ChatGPT ads are here.
If you’ve been anywhere near marketing Twitter (or X, or whatever we’re calling it now) in the past 48 hours, you’ve seen the hot takes. “The death of Google!” “A privacy nightmare!” “The biggest opportunity since Facebook!”
And honestly? Most of it is noise.
We’ve spent the last two days digging through everything—OpenAI’s actual announcements, leaked code, internal revenue projections, and about 40 different “expert analyses” that range from genuinely insightful to completely unhinged.
Here’s the real story. No hype. No panic. Just what you actually need to know.
If you’d rather skip the reading and just talk strategy, hit us up. We’re already mapping this out with clients.

What’s Actually Happening (The Short Version)
On January 16th, OpenAI announced they’re putting ads in ChatGPT. Testing starts in the US “in the coming weeks” for free users and the new $8/month Go tier.
That’s it. That’s the news.
But the implications? Those are massive. And complicated. And—if we’re being honest—kind of exciting if you’re in the business of helping brands reach people.
Here’s the deal: ChatGPT has 800 million weekly users. Eight hundred million. And roughly 97% of them don’t pay for a subscription. That’s a staggering amount of attention that’s been sitting there, un-monetized, while OpenAI burns through cash like it’s going out of style.
Something had to give.

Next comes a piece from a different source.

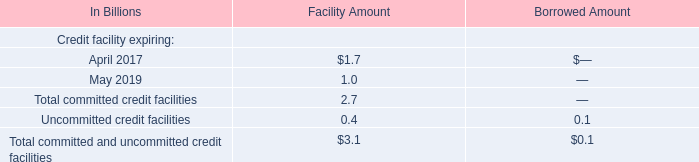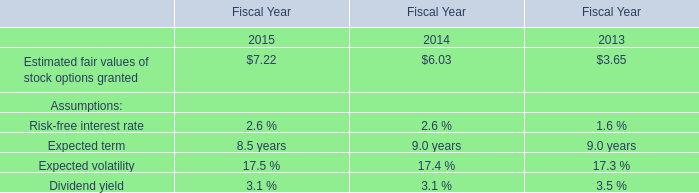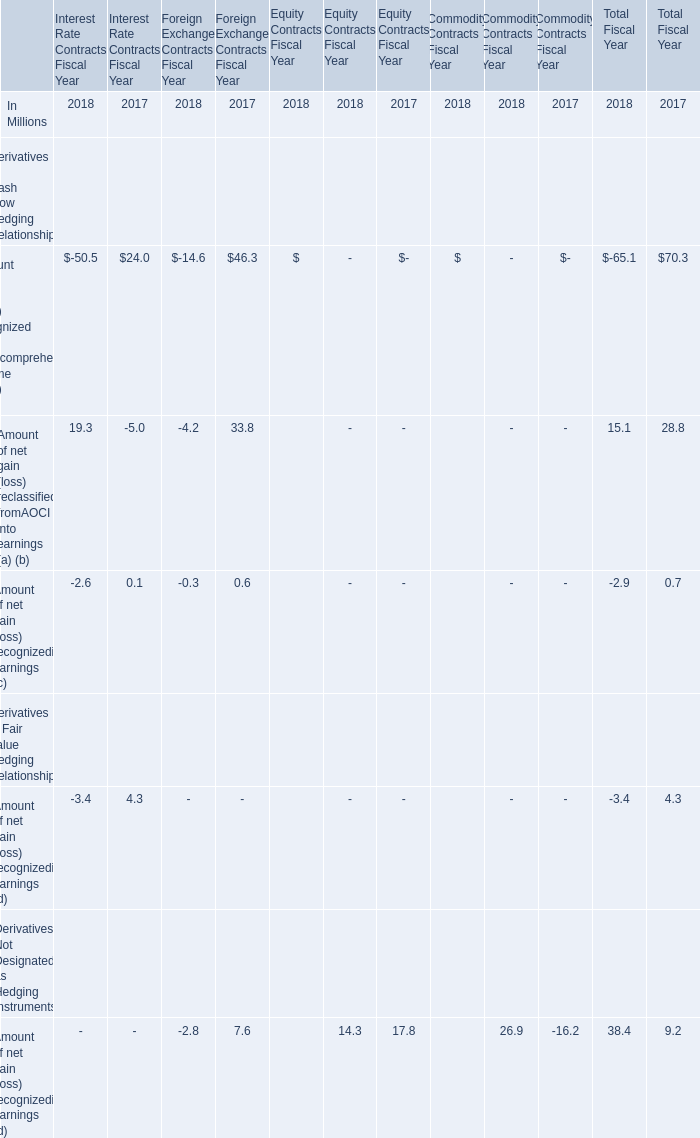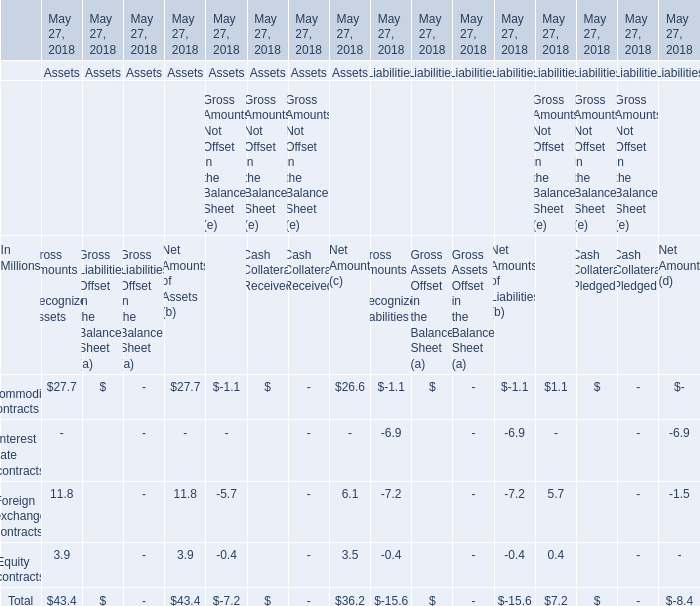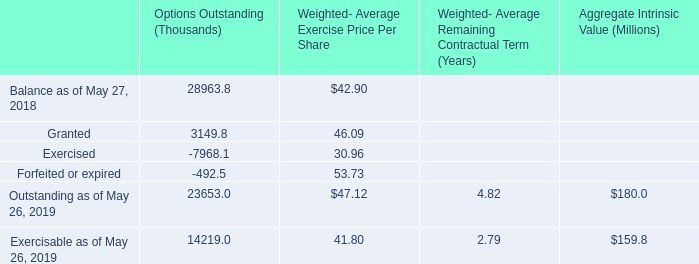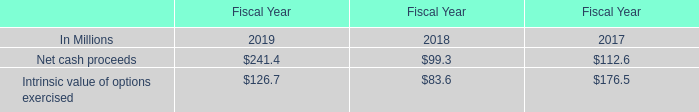Does the value of Amount of gain (loss) recognized in othercomprehensive income (OCI) (a) in 2018 greater than that in 2017? 
Answer: no.

And now it has.
Who’s Going to See These Ads?
Let’s clear this up because there’s been some confusion.
You’ll see ads if you’re:
- Using ChatGPT for free (and you’re a logged-in adult in the US)
- On the new ChatGPT Go plan ($8/month)
You won’t see ads if you’re:
- Paying for Plus ($20/month), Pro ($200/month), or any Business/Enterprise plan
- Under 18 (OpenAI says they’re using AI to estimate ages—make of that what you will)

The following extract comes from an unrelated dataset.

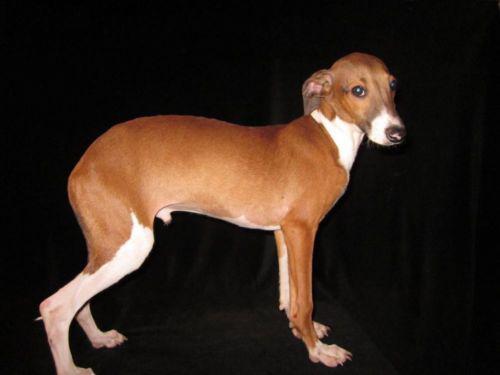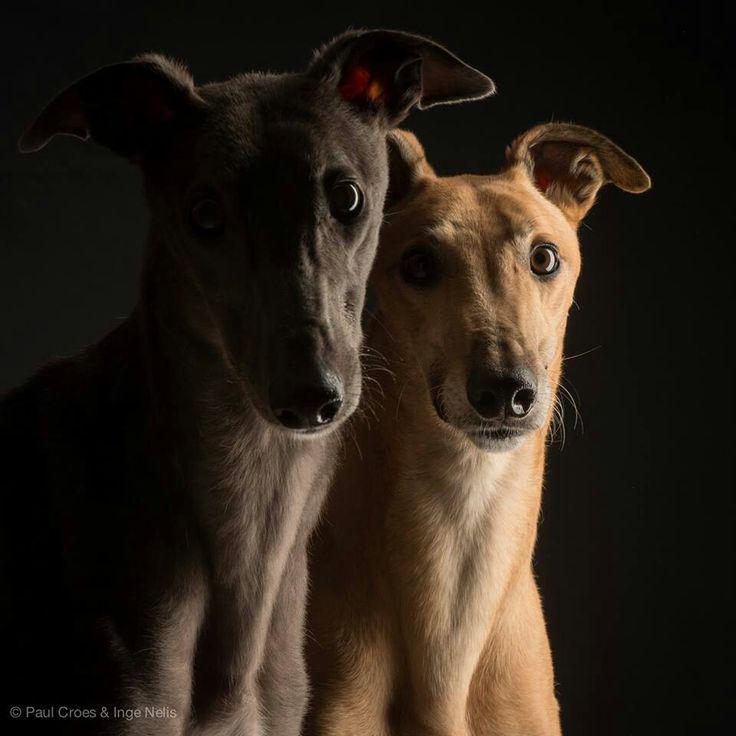The first image is the image on the left, the second image is the image on the right. Examine the images to the left and right. Is the description "The dog on the right image is facing left." accurate? Answer yes or no. No.

- Talking about health, mental health, or politics
That last point is interesting. OpenAI’s basically saying “we’re not touching the hot-button stuff.” Smart move, honestly. The last thing they need is a brand’s ad showing up next to someone’s therapy session with their AI chatbot.

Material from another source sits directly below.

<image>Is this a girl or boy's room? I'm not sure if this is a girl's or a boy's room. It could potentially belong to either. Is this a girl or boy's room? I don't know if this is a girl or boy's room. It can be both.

The Audience You’re Actually Reaching
Here’s what the demographic data tells us:
Over half of ChatGPT users are between 18 and 34. The gender split is basically 50/50 now (it used to skew heavily male). And these aren’t casual users—they’re asking 2.5 billion questions a day.
Think about that for a second. 2.5 billion daily conversations. People asking for help with everything from “how do I negotiate a raise” to “what laptop should I buy” to “plan my trip to Portugal.”
That’s intent. Real, expressed, detailed intent. Not a keyword someone typed into a search box. An actual conversation.
Want to reach this audience before your competitors figure it out? Let’s talk.
What These Ads Actually Look Like
Okay, so here’s where it gets interesting—and where a lot of the reporting has been sloppy.
OpenAI’s calling them “Sponsored Recommendations.” And from what we know, they’ll show up at the bottom of ChatGPT’s responses when there’s something relevant to pitch you.
So if you ask “what’s a good keto dinner recipe,” you might see a little sponsored box at the end recommending a specific brand of avocado oil. Clearly labeled. Separate from the actual answer.
That’s the confirmed format. But leaked code from the Android app suggests they’re building out more:
- Search carousels for shopping queries (think product grids)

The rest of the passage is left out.